The mass of oxygen at standard conditions of temperature and pressure is 1.43g and that of a litre of $\text{S}{{\text{O}}_{2}}$is 2.857g.
(i) how many molecules of each gas are there in this volume?
(ii) what is the mass in grams of a single molecule of each gas?

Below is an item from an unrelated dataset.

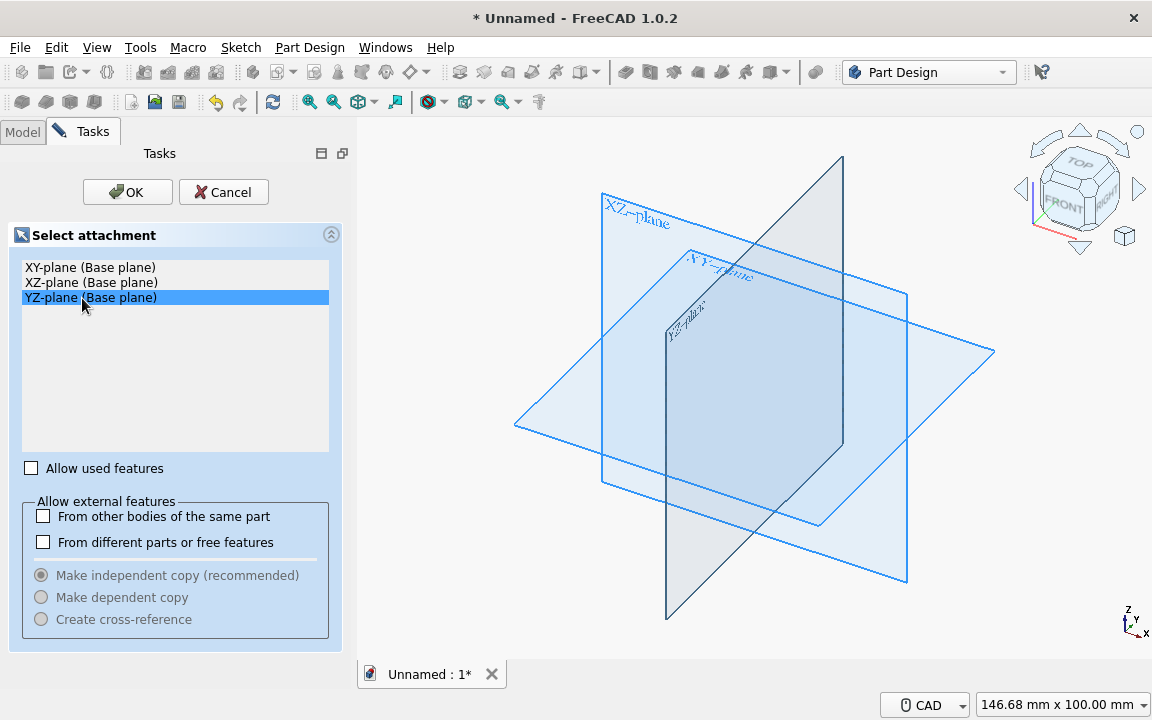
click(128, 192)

(iii) what are the molecular masses of $\text{S}{{\text{O}}_{2}}$and ${{\text{O}}_{2}}$respectively?

Answer 1

Hint: We can solve it by using the concept of Avogadro’s law which states that the each substance at standard conditions of pressure(1 atm ) and temperature(25$^{\circ }\text{C}$) occupies 22.4 L of the volume and contains Avogadro number of molecules i.e. $\text{6}\text{.023}\times {{10}^{23}}$. So, from this we can easily solve all the given parts of numerical.

Complete step by step answer:
Oxygen and Sulphur are the elements which belong to the 16th group of the periodic table and are non-metals and have the atomic number as 8 and 16 respectively and the molecular mass as 16 and 32 respectively.

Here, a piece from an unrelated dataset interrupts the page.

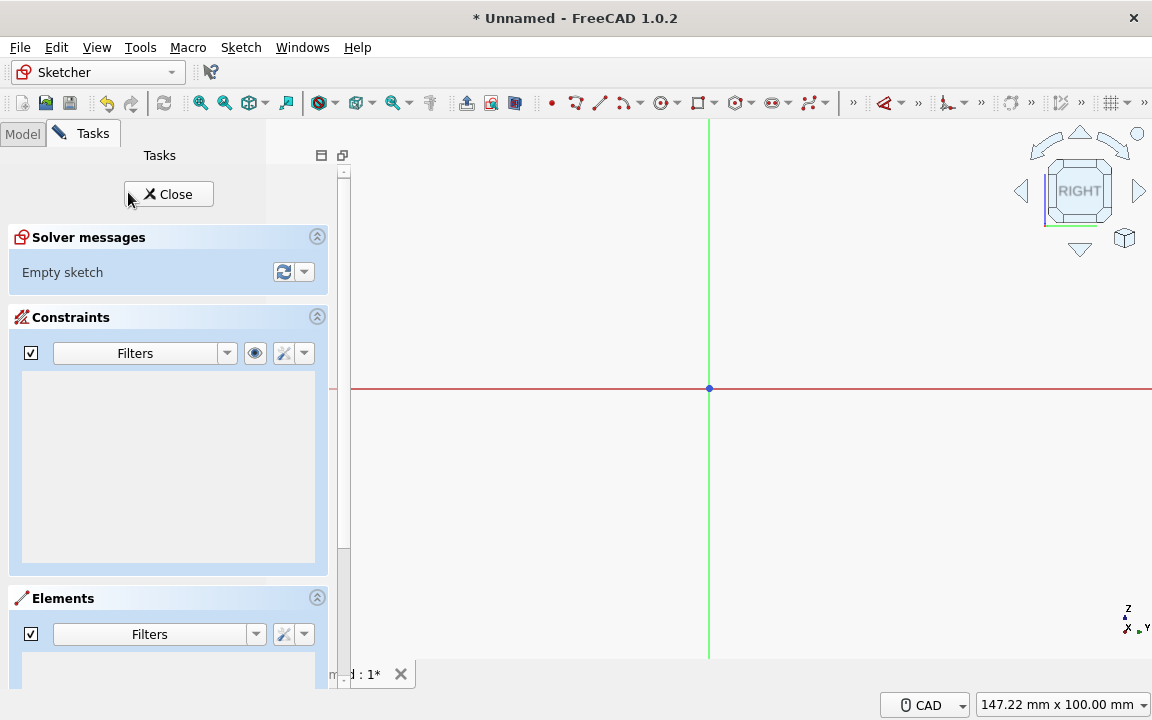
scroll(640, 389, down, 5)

Since there are standard conditions of temperature and pressure, that means it follows the Avogadro’s law which states that 1 mol each atom, element or the compound contains the Avogadro’s number of molecules i.e. $\text{6}\text{.023}\times {{10}^{23}}$ at standard conditions of 1atm pressure and 25$^{\circ }\text{C}$ temperature and each atom, element or the compound occupies the volume of 22.4 L at that standard conditions of temperature and pressure.

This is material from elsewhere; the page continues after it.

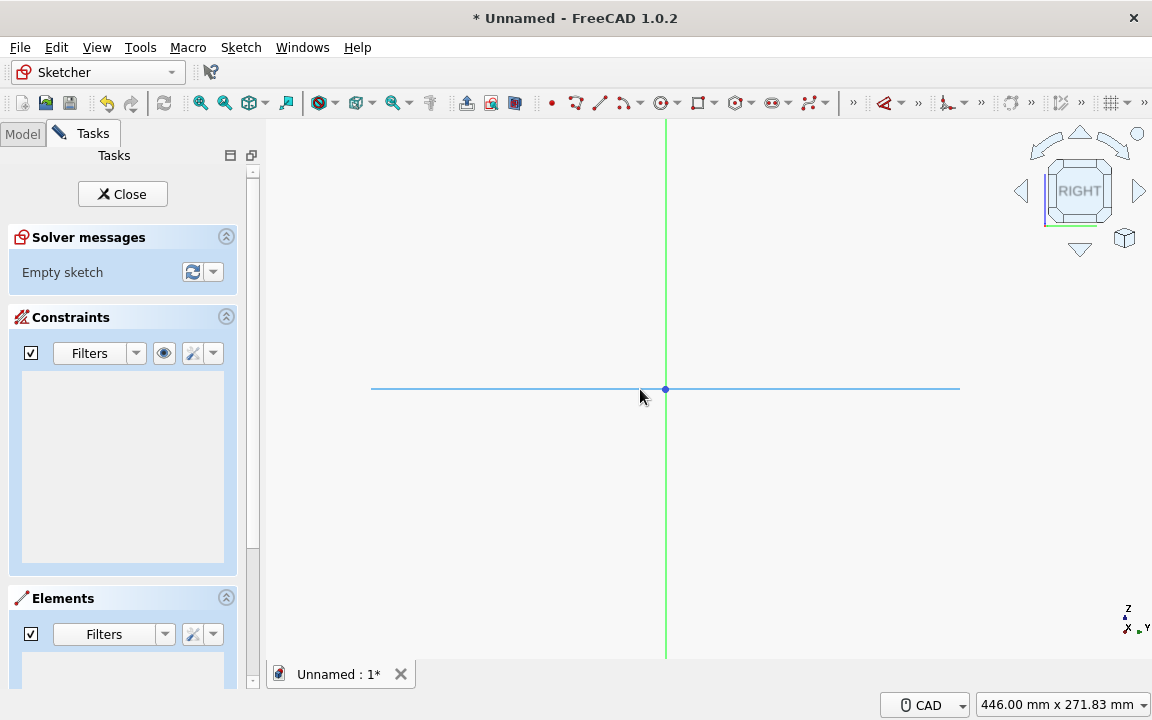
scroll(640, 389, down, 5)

Now, consider the (i) part, we know that;
1mole of each gas(i.e. Both $\text{S}{{\text{O}}_{2}}$and ${{\text{O}}_{2}}$)at STP occupies= 22.4L
Since, we know that the gas taken is 1 litre(given), then;
1 L of each gas(i.e. Both $\text{S}{{\text{O}}_{2}}$and ${{\text{O}}_{2}}$)at STP occupies=$\dfrac{1}{22.4}$ L
$\text{6}\text{.023}\times {{10}^{23}}$molecules each gas(i.e. Both $\text{S}{{\text{O}}_{2}}$and ${{\text{O}}_{2}}$)at STP occupies=$\dfrac{\text{6}\text{.023}\times {{10}^{23}}}{22.4}$L
= 0.2688$\times {{10}^{23}}$L
= 2.68$\times {{10}^{22}}$L
(ii) we know that,
22.4 L of gas${{\text{O}}_{2}}$contains = $\text{6}\text{.023}\times {{10}^{23}}$ molecules at STP
1 L of gas ${{\text{O}}_{2}}$will contain=$\dfrac{\text{6}\text{.023}\times {{10}^{23}}}{22.4}$molecules at STP
= 0.2688$\times {{10}^{23}}$ molecules at STP
= 2.68$\times {{10}^{22}}$ molecules at STP
So, now 2.68$\times {{10}^{22}}$ molecules of ${{\text{O}}_{2}}$ at STP has= 1.43 g of mass of ${{\text{O}}_{2}}$
1 molecule at STP has =$\dfrac{1.43}{2.68~\times {{10}^{22}}}$g of mass of ${{\text{O}}_{2}}$
= 5.32 $\times {{10}^{-22}}$g of mass of ${{\text{O}}_{2}}$
Similarly, 22.4 L of gas$\text{S}{{\text{O}}_{2}}$contains = $\text{6}\text{.023}\times {{10}^{23}}$ molecules at STP
1 L of gas $\text{S}{{\text{O}}_{2}}$will contain=$\dfrac{\text{6}\text{.023}\times {{10}^{23}}}{22.4}$molecules at STP
 = 0.2688$\times {{10}^{23}}$ molecules at STP
 = 2.68$\times {{10}^{22}}$ molecules at STP
So, now 2.68$\times {{10}^{22}}$ molecules of $\text{S}{{\text{O}}_{2}}$ at STP has= 2.857 g of mass of $\text{S}{{\text{O}}_{2}}$
1 molecule at STP has =$\dfrac{2.857}{2.68~\times {{10}^{22}}}$g of mass of $\text{S}{{\text{O}}_{2}}$
= 1.06 $\times {{10}^{-22}}$g of mass of $\text{S}{{\text{O}}_{2}}$
 (iii) as we know that,
1L of ${{\text{O}}_{2}}$at STP contains= 1.43 g of ${{\text{O}}_{2}}$ (given)
22.4L of ${{\text{O}}_{2}}$at STP will contains= 1.43×22.4 g of ${{\text{O}}_{2}}$
= 32 g of ${{\text{O}}_{2}}$
Similarly, 1L of $\text{S}{{\text{O}}_{2}}$at STP contains= 2.857 g of $\text{S}{{\text{O}}_{2}}$ (given)
22.4L of ${{\text{O}}_{2}}$at STP will contains= 2.857×22.4 g of $\text{S}{{\text{O}}_{2}}$
= 64 g of $\text{S}{{\text{O}}_{2}}$

Note: Avogadro’s law is applicable only at the conditions of standard temperature and pressure and if the pressure and temperature are constant , then on increasing the amount of the gas, its volume also increases and vice-versa.